Refleksi Kepemimpinan dan Krisis Representasi: Pelajaran dari Edmund Burke untuk Demokrasi Modern4 min read

Bahkan hanya 40 tahun yang lalu, partisipasi pemilu dengan skala yang kita saksikan pada tahun 2024 akan terasa tidak terpikirkan. Lebih dari setengah populasi dunia tinggal di negara-negara yang akan mengadakan (atau sudah mengadakan) pemilu tahun ini.

Namun, tahun pemilu yang besar ini akan berlangsung di tengah kegelisahan mendalam tentang kondisi demokrasi. Jumlah demokrasi menurun, kepercayaan pada demokrasi melemah, dan partisipasi pemilih menunjukkan tren menurun.

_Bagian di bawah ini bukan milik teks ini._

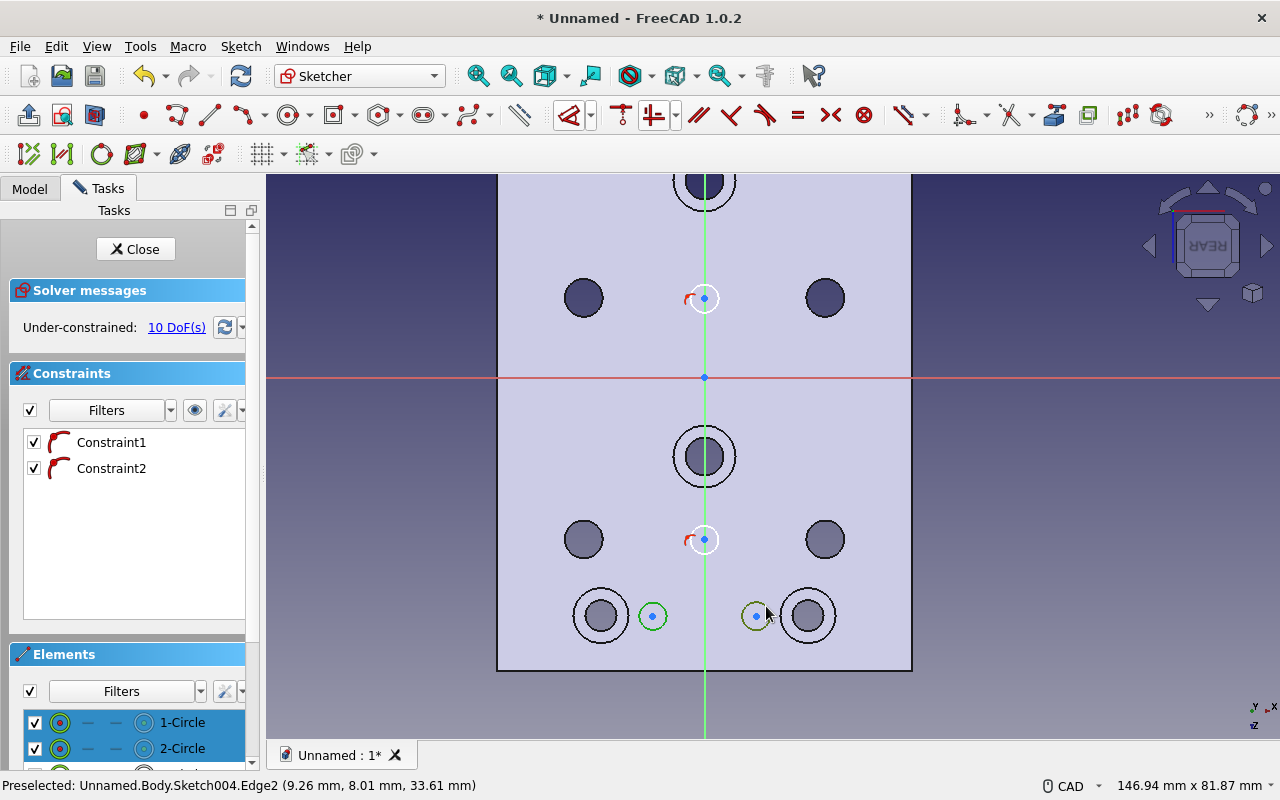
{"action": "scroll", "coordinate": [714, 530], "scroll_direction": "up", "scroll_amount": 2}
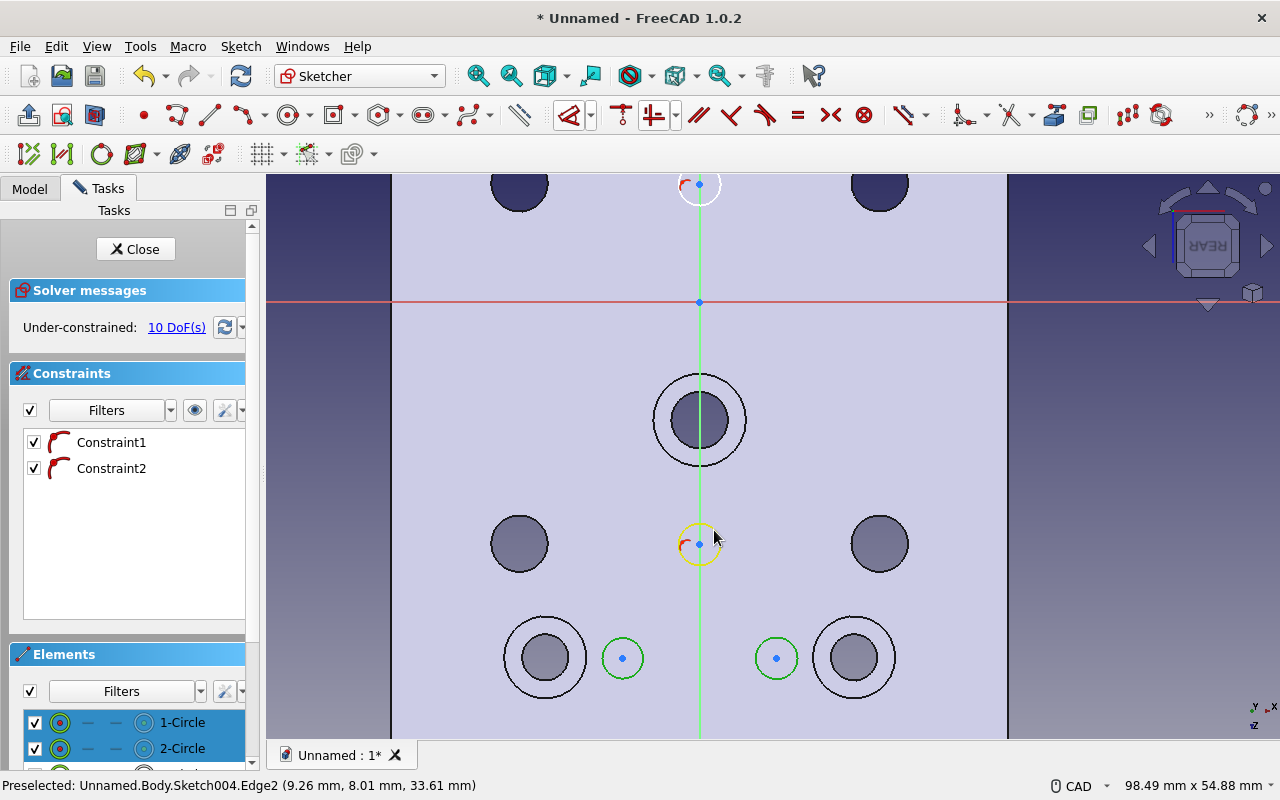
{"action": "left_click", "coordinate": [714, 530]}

Ketertarikan terhadap reformasi politik kuat. Warga telah menunjukkan ketidakpuasan mereka melalui abstain, protes, pemilihan kandidat anti-establishment, dan bahkan kekerasan.

Ketika memikirkan tentang bagaimana mengatasi krisis ini, kita bisa belajar dari pemikir dan teoritikus politik abad ke-18, Edmund Burke (1729-1797) yang menyaksikan krisis representasi serupa tidak lama setelah masuk ke parlemen Inggris.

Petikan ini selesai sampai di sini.